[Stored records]
····················

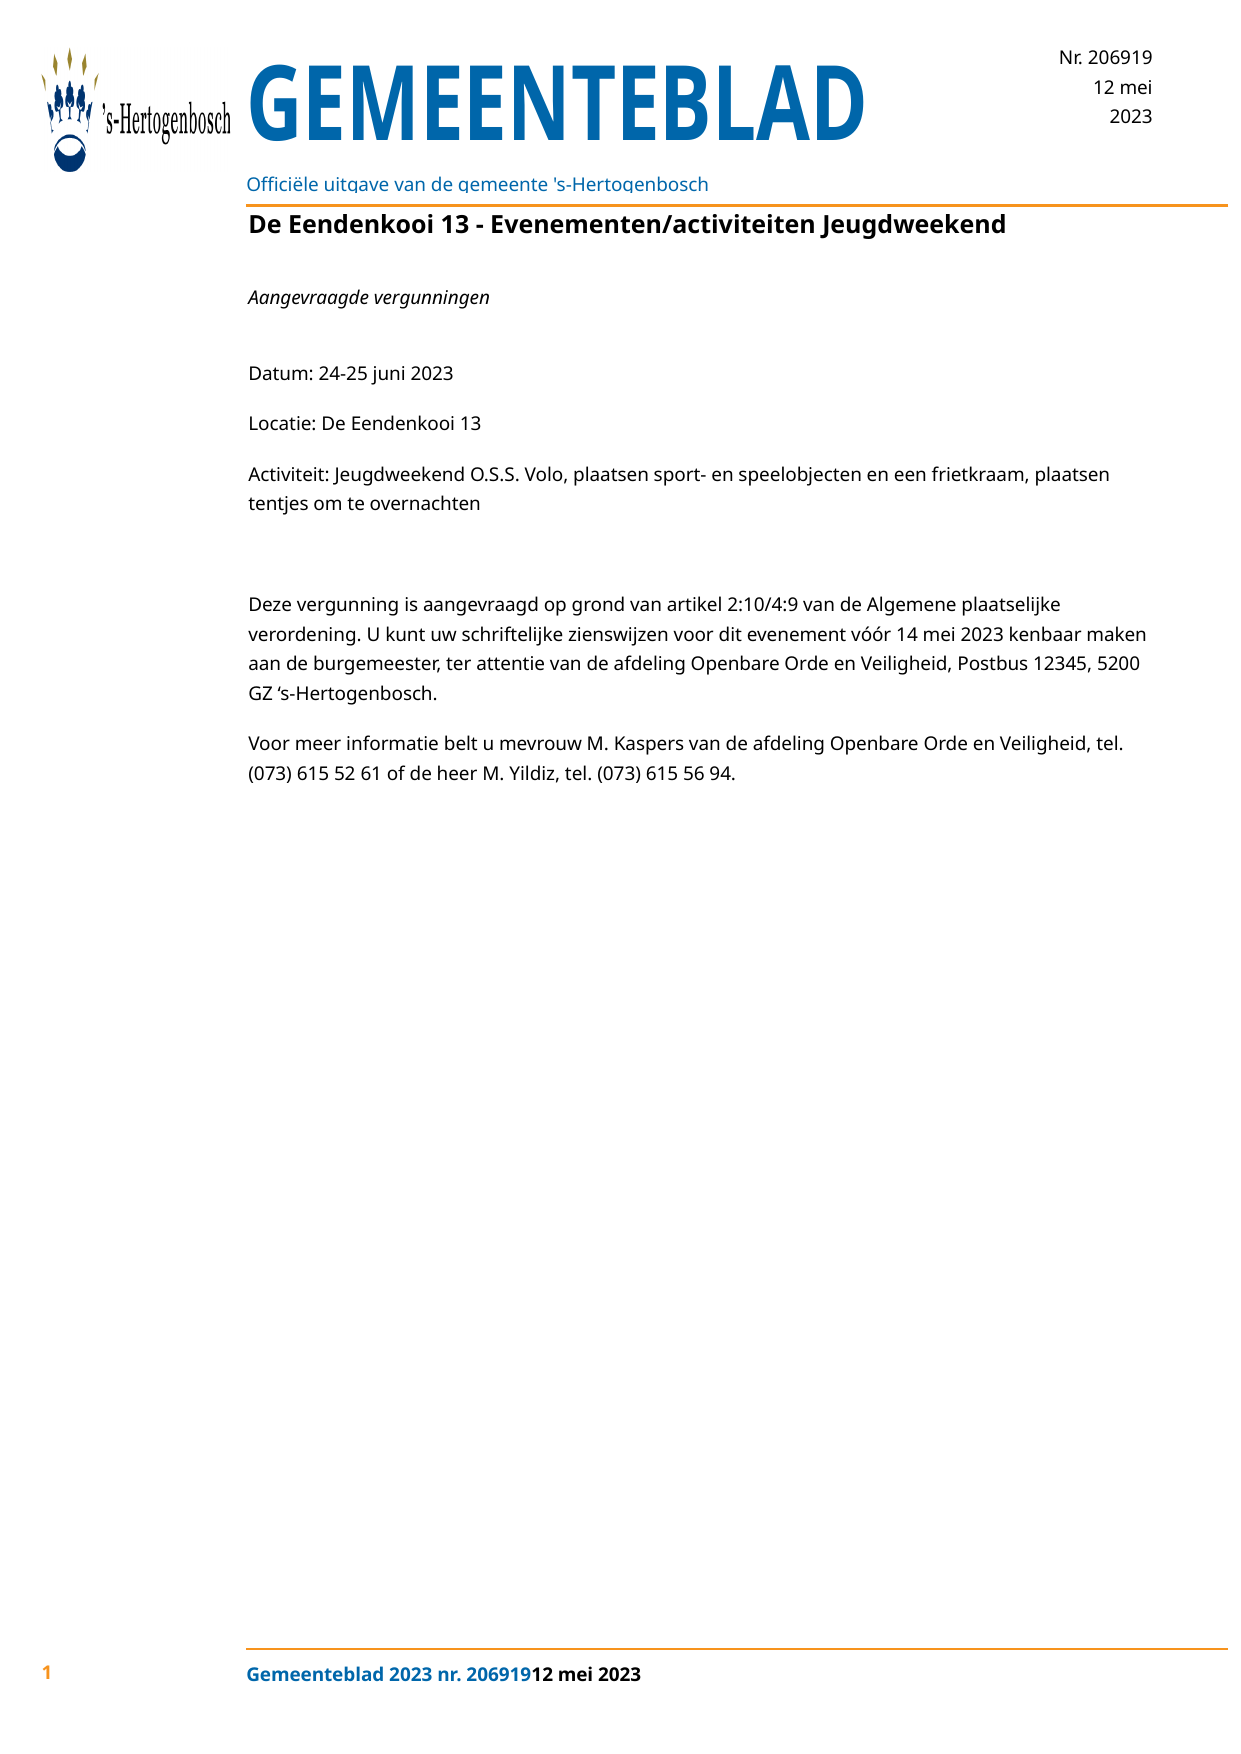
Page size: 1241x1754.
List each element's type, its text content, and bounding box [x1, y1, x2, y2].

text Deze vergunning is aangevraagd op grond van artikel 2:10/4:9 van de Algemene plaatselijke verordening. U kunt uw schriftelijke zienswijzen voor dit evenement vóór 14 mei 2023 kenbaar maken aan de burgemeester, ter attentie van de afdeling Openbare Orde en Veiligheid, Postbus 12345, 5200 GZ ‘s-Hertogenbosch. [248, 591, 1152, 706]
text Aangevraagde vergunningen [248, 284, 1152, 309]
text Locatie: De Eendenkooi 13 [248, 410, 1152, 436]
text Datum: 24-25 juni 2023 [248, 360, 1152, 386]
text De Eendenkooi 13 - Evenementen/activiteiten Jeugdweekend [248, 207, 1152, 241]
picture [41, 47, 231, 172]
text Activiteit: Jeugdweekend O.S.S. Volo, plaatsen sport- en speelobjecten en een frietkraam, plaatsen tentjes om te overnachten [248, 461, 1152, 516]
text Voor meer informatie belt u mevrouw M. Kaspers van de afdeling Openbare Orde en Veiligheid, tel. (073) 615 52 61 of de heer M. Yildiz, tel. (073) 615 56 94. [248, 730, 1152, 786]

····················

Problem to solve:
Exactly how many lines of the records hold "Veiligheid"? Give the number without any words.

Exercise solution:
2